Los siete capítulos que conforman Simbolismo y Arte están interrelacionados por la misma temática de lo que expresan, y pensamos que no es por casualidad ese número, que se corresponde precisamente con el de las notas musicales y está sin duda en relación también con ese «transfondo
musical» al que hacíamos referencia. Es decir que todos ellos en su conjunto, tratando como tratan de las ideas arquetípicas, generan, al enfocar nuestra atención en su contenido, una composición sutil que reverbera en nuestra alma, cuyas potencias (entre ellas la memoria) son despertadas por esa armonía que se hace audible al «oído interno», que es el del intelecto superior.

En este sentido, hay quienes han definido Simbolismo y Arte como «música de cámara», y desde luego que no les falta razón; en primer lugar porque, al igual que en la música de cámara, hay una atmósfera de intimidad en todo el libro que en gran medida es debida a la pulida y concisa síntesis, al «ajustado discurso», con que nuestro autor transmite esa concordancia de ideas que repercuten como una composición de sonidos articulados y armónicos en la caja-cubo de nuestra conciencia, que se reconoce en ellos.
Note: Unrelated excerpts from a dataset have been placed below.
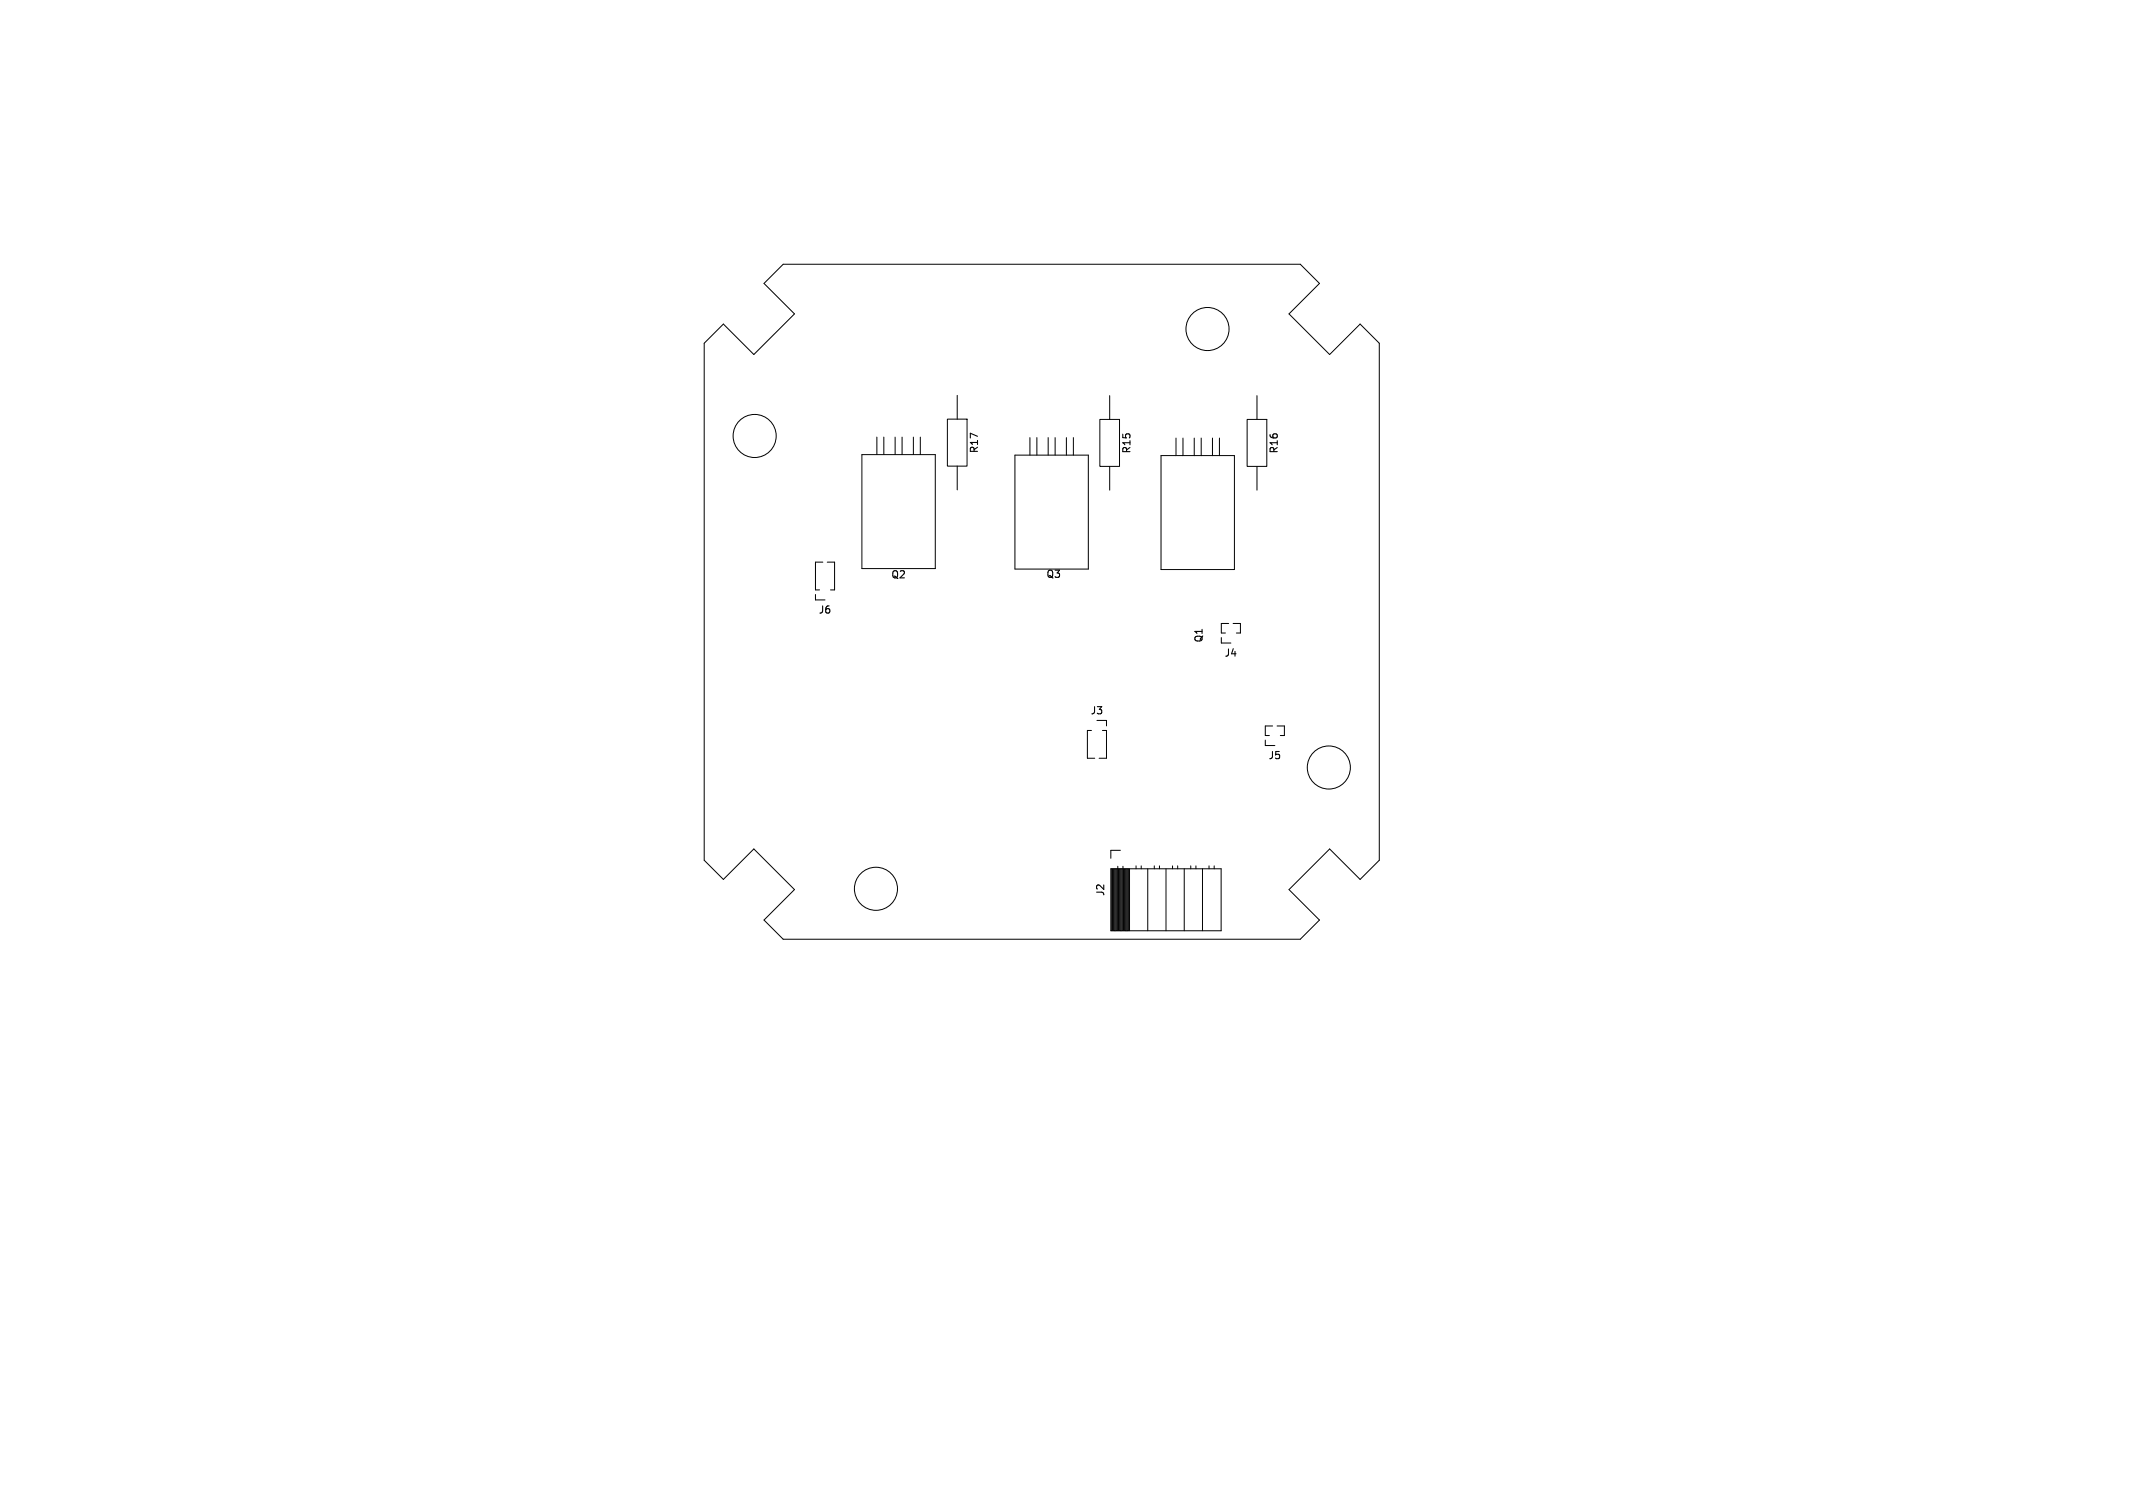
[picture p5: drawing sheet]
<svg xmlns="http://www.w3.org/2000/svg" width="297mm" height="210mm" viewBox="0 0 297 210" stroke-linecap="round" stroke-linejoin="round" font-family="sans-serif">
<defs><g id="words">
<g font-size="1.4">
<text x="136.4" y="63.2" transform="rotate(-90 136.4 63.2)">R17</text>
<text x="157.6" y="63.3" transform="rotate(-90 157.6 63.3)">R15</text>
<text x="178.1" y="63.3" transform="rotate(-90 178.1 63.3)">R16</text>
<text x="124" y="80.7">Q2</text>
<text x="145.6" y="80.7">Q3</text>
<text x="113.9" y="85.6">J6</text>
<text x="167.6" y="89.6" transform="rotate(-90 167.6 89.6)">Q1</text>
<text x="170.4" y="91.7">J4</text>
<text x="151.8" y="99.7">J3</text>
<text x="176.5" y="105.9">J5</text>
<text x="154" y="124.9" transform="rotate(-90 154 124.9)">J2</text>
</g>
</g></defs>
<g fill="none" stroke="#000" stroke-width=".14">
<path d="M109.1 36.8h72l2.6 2.7-4.2 4.2 5.6 5.7 4.3-4.3 2.7 2.7v72l-2.7 2.7-4.3-4.3-5.6 5.7 4.2 4.2-2.6 2.7h-72l-2.7-2.7 4.2-4.2-5.6-5.7-4.3 4.3-2.6-2.7v-72l2.6-2.7 4.3 4.3 5.6-5.7-4.2-4.2zM131.9 58.4h2.8v6.5h-2.8zM133.3 55.1v3.3M153.1 58.4h2.8v6.5h-2.8zM154.5 55.1v3.3M173.7 58.4h2.7v6.5h-2.7zM175 55.1v3.3M114.6 78.3h-1.1v3.9h.6M115.2 78.3h1v3.9h-.6M120 63.3h10.2v15.9h-10.2zM122.1 60.9v2.4M123.1 60.9v2.4"/>
<path d="M124.6 60.9v2.4M125.6 60.9v2.4M127.2 60.9v2.4M128.1 60.9v2.4M133.3 64.9v3.3M141.3 63.4h10.2v15.9h-10.2zM143.4 60.9v2.5M144.4 60.9v2.5M145.9 60.9v2.5M146.9 60.9v2.5M148.5 60.9v2.5M149.5 60.9v2.5"/>
<path d="M154.5 64.9v3.4M161.7 63.4h10.2v15.9h-10.2zM163.7 61v2.4M164.7 61v2.4M166.3 61v2.4M167.3 61v2.4M168.8 61v2.4M169.8 61v2.4M175 64.9v3.4M113.5 82.8v.7h1.4M170.1 88.8v.8h1.3M171.1 86.8h-1v1.4h.5"/>
<path d="M171.7 86.8h1v1.4h-.5M152 101.7h-.6v3.9h1M152.7 100.3h1.4v.8M153.5 101.7h.6v3.9h-1.1M156 118.4h-1.3v1.1M176.2 103.1v.7h1.3M177.2 101.1h-1v1.3h.6M177.8 101.1h1v1.3h-.5M154.7 121h15.3v8.6h-15.3zM154.8 121v8.6M154.9 121v8.6M155 121v8.6"/>
<path d="M155.1 121v8.6M155.3 121v8.6M155.4 121v8.6M155.5 121v8.6M155.6 120.6v9M155.7 121v8.6M155.9 121v8.6M156 121v8.6M156.1 121v8.6M156.2 121v8.6M156.3 121v8.6M156.4 120.6v.4"/>
<path d="M156.4 121v8.6M156.6 121v8.6M156.7 121v8.6M156.8 121v8.6M156.9 121v8.6M157 121v8.6M157.2 121v8.6M157.3 121v8.6M158.2 120.6v.4M158.9 120.6v.4M159.8 121v8.6M160.7 120.6v.4"/>
<path d="M161.4 120.6v.4M162.4 121v8.6M163.3 120.6v.4M164 120.6v.4M164.9 121v8.6M165.8 120.6v.4M166.5 120.6v.4M167.4 121v8.6M168.3 120.6v.4M169.1 120.6v.4"/>
<circle cx="168.1" cy="45.8" r="3"/>
<circle cx="105.1" cy="60.7" r="3"/>
<circle cx="185" cy="106.9" r="3"/>
<circle cx="122" cy="123.8" r="3"/>
</g>
<use href="#words"/>
</svg>
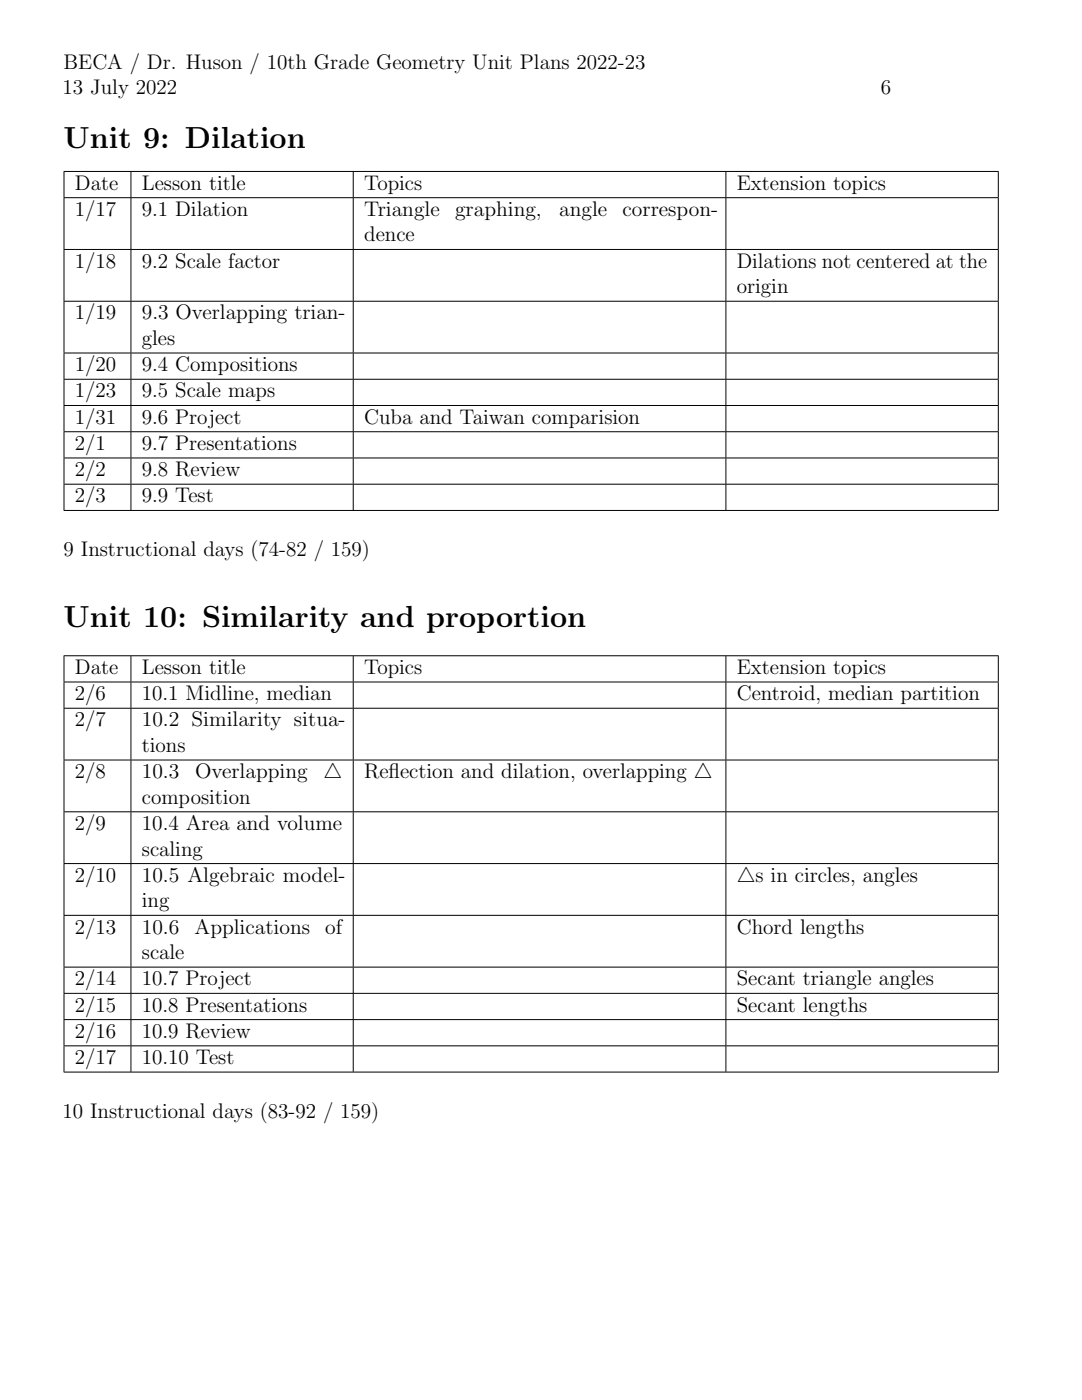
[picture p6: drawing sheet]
<svg xmlns="http://www.w3.org/2000/svg" width="216mm" height="279mm" viewBox="0 0 216 279" stroke-linecap="round" stroke-linejoin="round" font-family="sans-serif">
<defs><g id="words">
<g font-size="6.1">
<text x="12.7" y="29.6">Unit 9: Dilation</text>
<text x="12.7" y="125.1">Unit 10: Similarity and proportion</text>
</g>
<g font-size="4.2">
<text x="12.7" y="13.7">BECA / Dr. Huson / 10th Grade Geometry Unit Plans 2022-23</text>
<text x="12.5" y="18.8">13 July 2022</text>
<text x="175.7" y="18.8">6</text>
<text x="14.9" y="37.9">Date</text>
<text x="28.3" y="37.9">Lesson title</text>
<text x="72.7" y="37.9">Topics</text>
<text x="147" y="37.9">Extension topics</text>
<text x="14.9" y="43.1">1/17</text>
<text x="28.3" y="43.1">9.1 Dilation</text>
<text x="72.7" y="43.1">Triangle</text>
<text x="90.8" y="43.1">graphing,</text>
<text x="111.6" y="43.1">angle</text>
<text x="124.2" y="43.1">correspon-</text>
<text x="14.9" y="53.4">1/18</text>
<text x="28.3" y="53.4">9.2 Scale factor</text>
<text x="72.7" y="48.2">dence</text>
<text x="147" y="53.4">Dilations not centered at the</text>
<text x="147" y="58.5">origin</text>
<text x="14.9" y="63.8">1/19</text>
<text x="28.3" y="63.8">9.3 Overlapping trian-</text>
<text x="28.3" y="68.9">gles</text>
<text x="14.9" y="74.1">1/20</text>
<text x="28.3" y="74.1">9.4 Compositions</text>
<text x="14.9" y="79.3">1/23</text>
<text x="28.3" y="79.3">9.5 Scale maps</text>
<text x="14.9" y="84.6">1/31</text>
<text x="14.9" y="89.8">2/1</text>
<text x="28.3" y="84.6">9.6 Project</text>
<text x="28.3" y="89.8">9.7 Presentations</text>
<text x="72.7" y="84.6">Cuba and Taiwan comparision</text>
<text x="14.9" y="95">2/2</text>
<text x="28.3" y="95">9.8 Review</text>
<text x="14.9" y="100.3">2/3</text>
<text x="28.3" y="100.3">9.9 Test</text>
<text x="12.7" y="111">9 Instructional days (74-82 / 159)</text>
<text x="14.9" y="134.5">Date</text>
<text x="28.3" y="134.5">Lesson title</text>
<text x="72.7" y="134.5">Topics</text>
<text x="147" y="134.5">Extension topics</text>
<text x="14.9" y="139.7">2/6</text>
<text x="28.3" y="139.7">10.1 Midline, median</text>
<text x="147" y="139.7">Centroid, median partition</text>
<text x="14.9" y="145">2/7</text>
<text x="28.3" y="145">10.2 Similarity situa-</text>
<text x="14.9" y="155.3">2/8</text>
<text x="28.3" y="150.1">tions</text>
<text x="28.3" y="155.3">10.3</text>
<text x="38.9" y="155.3">Overlapping</text>
<text x="64.6" y="155.3">△</text>
<text x="72.7" y="155.3">Ref</text>
<text x="77.5" y="155.3">lection and dilation, overlapping △</text>
<text x="28.3" y="160.4">composition</text>
<text x="14.9" y="165.6">2/9</text>
<text x="28.3" y="165.6">10.4 Area and volume</text>
<text x="28.3" y="170.7">scaling</text>
<text x="14.9" y="176">2/10</text>
<text x="28.3" y="176">10.5 Algebraic model-</text>
<text x="147" y="176">△s in circles, angles</text>
<text x="28.3" y="181.1">ing</text>
<text x="14.9" y="186.3">2/13</text>
<text x="28.3" y="186.3">10.6</text>
<text x="28.3" y="191.4">scale</text>
<text x="38.8" y="186.3">Applications</text>
<text x="64.9" y="186.3">of</text>
<text x="147" y="186.3">Chord lengths</text>
<text x="14.9" y="196.6">2/14</text>
<text x="28.3" y="196.6">10.7 Project</text>
<text x="147" y="196.6">Secant triangle angles</text>
<text x="14.9" y="201.9">2/15</text>
<text x="28.3" y="201.9">10.8 Presentations</text>
<text x="147" y="201.9">Secant lengths</text>
<text x="14.9" y="207.1">2/16</text>
<text x="28.3" y="207.1">10.9 Review</text>
<text x="14.9" y="212.4">2/17</text>
<text x="28.3" y="212.4">10.10 Test</text>
<text x="12.5" y="223.1">10 Instructional days (83-92 / 159)</text>
</g>
</g></defs>
<g fill="none" stroke="#000" stroke-width=".2">
<path d="M12.7 34.2h186.6M12.7 39.5h186.6M12.8 34.3v5.1M12.8 39.5v10.2M26.1 34.3v5.1M26.1 39.5v10.2M70.5 34.3v5.1M70.5 39.5v10.2M144.8 34.3v5.1M144.8 39.5v10.2M199.2 34.3v5.1M199.2 39.5v10.2"/>
<path d="M12.7 49.8h186.6M12.8 49.9v10.1M26.1 49.9v10.1M70.5 49.9v10.1M144.8 49.9v10.1M199.2 49.9v10.1M12.7 60.1h186.6M12.7 70.5h186.6M12.7 75.7h186.6M12.8 60.2v10.2M12.8 70.5v5.1M12.8 75.8v5.1"/>
<path d="M26.1 60.2v10.2M26.1 70.5v5.1M26.1 75.8v5.1M70.5 60.2v10.2M70.5 70.5v5.1M70.5 75.8v5.1M144.8 60.2v10.2M144.8 70.5v5.1M144.8 75.8v5.1M199.2 60.2v10.2M199.2 70.5v5.1M199.2 75.8v5.1"/>
<path d="M12.7 80.9h186.6M12.7 86.2h186.6M12.7 91.4h186.6M12.7 96.6h186.6M12.8 81v5.1M12.8 86.2v5.1M12.8 91.5v5.1M12.8 96.7v5.1M26.1 81v5.1M26.1 86.2v5.1M26.1 91.5v5.1M26.1 96.7v5.1"/>
<path d="M70.5 81v5.1M70.5 86.2v5.1M70.5 91.5v5.1M70.5 96.7v5.1M144.8 81v5.1M144.8 86.2v5.1M144.8 91.5v5.1M144.8 96.7v5.1M199.2 81v5.1M199.2 86.2v5.1M199.2 91.5v5.1M199.2 96.7v5.1"/>
<path d="M12.7 101.9h186.6M12.7 130.9h186.6M12.7 136.1h186.6M12.8 130.9v5.1M12.8 136.2v5.1M26.1 130.9v5.1M26.1 136.2v5.1M70.5 130.9v5.1M70.5 136.2v5.1M144.8 130.9v5.1M144.8 136.2v5.1M199.2 130.9v5.1"/>
<path d="M199.2 136.2v5.1M12.7 141.3h186.6M12.7 151.7h186.6M12.8 141.4v10.2M12.8 151.7v10.2M26.1 141.4v10.2M26.1 151.7v10.2M70.5 141.4v10.2M70.5 151.7v10.2M144.8 141.4v10.2M144.8 151.7v10.2M199.2 141.4v10.2"/>
<path d="M199.2 151.7v10.2M12.7 162h186.6M12.7 172.3h186.6M12.8 162.1v10.2M12.8 172.4v10.2M26.1 162.1v10.2M26.1 172.4v10.2M70.5 162.1v10.2M70.5 172.4v10.2M144.8 162.1v10.2M144.8 172.4v10.2M199.2 162.1v10.2"/>
<path d="M199.2 172.4v10.2M12.7 182.7h186.6M12.7 193h186.6M12.7 198.2h186.6M12.8 182.7v10.2M12.8 193.1v5.1M12.8 198.3v5.1M26.1 182.7v10.2M26.1 193.1v5.1M26.1 198.3v5.1M70.5 182.7v10.2M70.5 193.1v5.1"/>
<path d="M70.5 198.3v5.1M144.8 182.7v10.2M144.8 193.1v5.1M144.8 198.3v5.1M199.2 182.7v10.2M199.2 193.1v5.1M199.2 198.3v5.1M12.7 203.5h186.6M12.7 208.7h186.6M12.7 214h186.6M12.8 203.6v5M12.8 208.8v5.1"/>
<path d="M26.1 203.6v5M26.1 208.8v5.1M70.5 203.6v5M70.5 208.8v5.1M144.8 203.6v5M144.8 208.8v5.1M199.2 203.6v5M199.2 208.8v5.1"/>
</g>
<use href="#words"/>
</svg>

Por esa misma concisión no necesita acudir a grandes desarrollos para hilvanar su discurso y expresar el contenido de esas ideas. Es suficiente muchas veces con la sugerencia, con la indicación tácita o implícita, capaz de evocar en el lector una capacidad de asombro ya olvidada, y que redescubre como algo absolutamente necesario para no caer, por ejemplo, en las trampas de la vana erudición… Esto también denota en nuestro autor una maestría en el conocimiento y utilización del lenguaje, un saber elegir la palabra –la nota- adecuada y coordinarla con otras hasta conformar la imagen –el discurso sonoro– que refleje fielmente el significado del símbolo (y del mito y el rito), haciendo aflorar la música, la cadencia armónica, que resuena en nuestro interior como resultado de la comprensión de ese significado.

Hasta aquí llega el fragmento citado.